Brand owners interested in a unique label claim—or simply in the actives and what they can do for the skin—can take advantage of such biotechnological processes. “Brands are driven by unique ideas,” explains Gruber. “Plants that are unique or that grow in unique environments and offer benefits to the skin allow brands to build stories around them.” Driven by innovative companies looking to carve out a niche for all-natural products, the process is renewable, not based on petroleum.
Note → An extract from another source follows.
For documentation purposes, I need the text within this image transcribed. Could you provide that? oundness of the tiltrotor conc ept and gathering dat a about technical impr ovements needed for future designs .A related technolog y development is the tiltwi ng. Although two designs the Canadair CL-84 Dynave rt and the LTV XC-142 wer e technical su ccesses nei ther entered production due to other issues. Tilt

Similarly, Sederma has invested €1 million to create a plant cell culture lab and library, allowing the company a neverending source for molecules of interest by controlling the cultures. After five years of research, Sederma will launch its first product based on plant cell culture that claims substantiated innovative positioning in 2011. The development of products based on plant cell culture doesn’t exploit wild or crop plants, allowing the company to meet evolving consumer needs in a new way. The company has also improved plant extraction with new processes such as supercritical carbon dioxide extraction, which needs limited energy, recycles the gaseous solvent and doesn’t discharge any solvent to the environment.

Sederma is also helping its customers to formulate certified organic products by conforming to Ecocert certifications for several of its natural ingredients, constituting the natural grade range.“Sederma products have strongly demonstrated of their efficacy,” says Olga Gracioso, director of marketing. “Consumers expect the natural products they buy will be effective, [and] this is why we work to develop green but efficient products.” Sederma recently launched Kelisoft in water- and oil-soluble versions to expand options for deodorant formulation. This product is based on a vegetal molecule that exerts an anti-inflammatory action to shaved or waxed areas, and helps reduce hair growth.
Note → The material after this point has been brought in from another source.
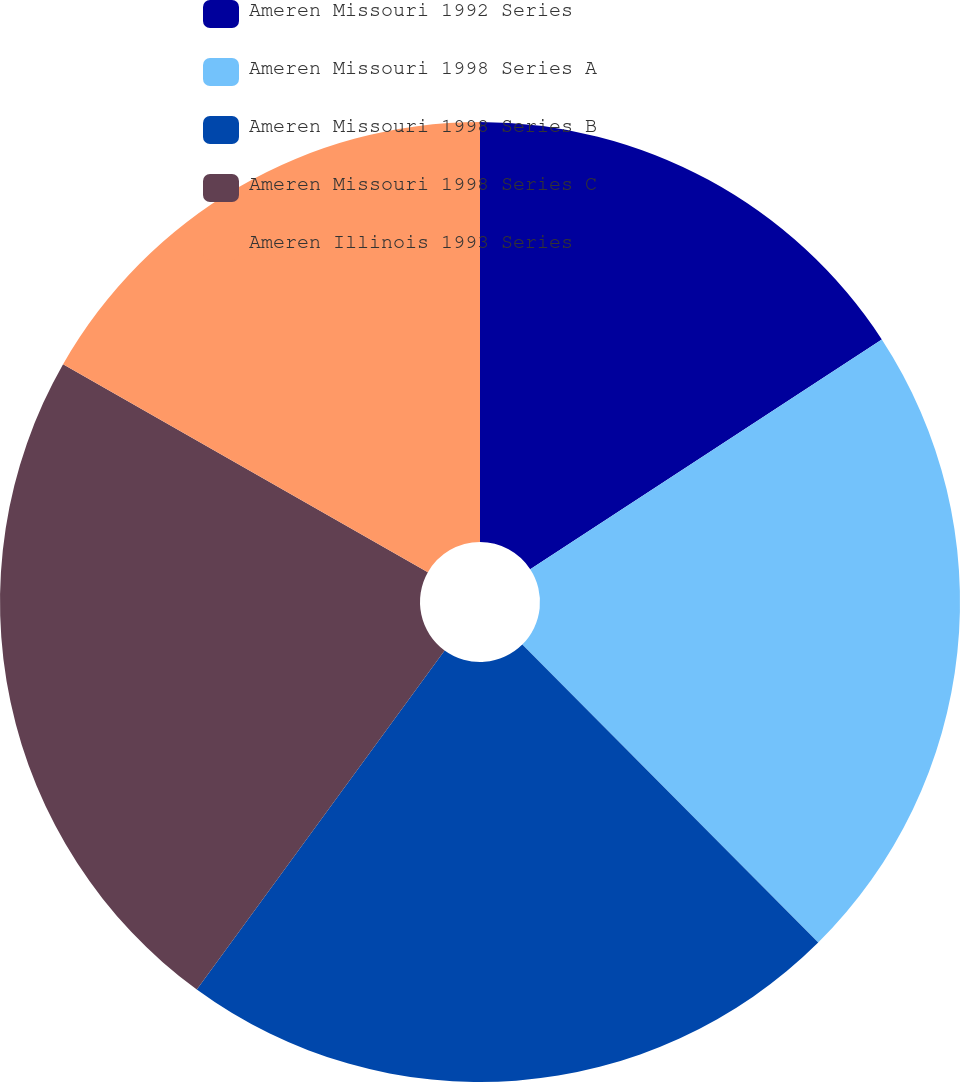<chart> <loc_0><loc_0><loc_500><loc_500><pie_chart><fcel>Ameren Missouri 1992 Series<fcel>Ameren Missouri 1998 Series A<fcel>Ameren Missouri 1998 Series B<fcel>Ameren Missouri 1998 Series C<fcel>Ameren Illinois 1993 Series<nl><fcel>15.79%<fcel>21.77%<fcel>22.49%<fcel>23.21%<fcel>16.75%<nl></chart>

Finding Alternatives in the Face of Growing Regulations

Gruber’s primary concern with possible tougher regulations is the potential that they will stifle innovation. While more options promote green product development, limiting options will make the industry less exciting and be a disadvantage for consumers. “With tough regulations, smaller companies, which are [often] quick to market, find it hard to meet them,” he explains. “But getting better control of ingredients that are used is important from a safety perspective.”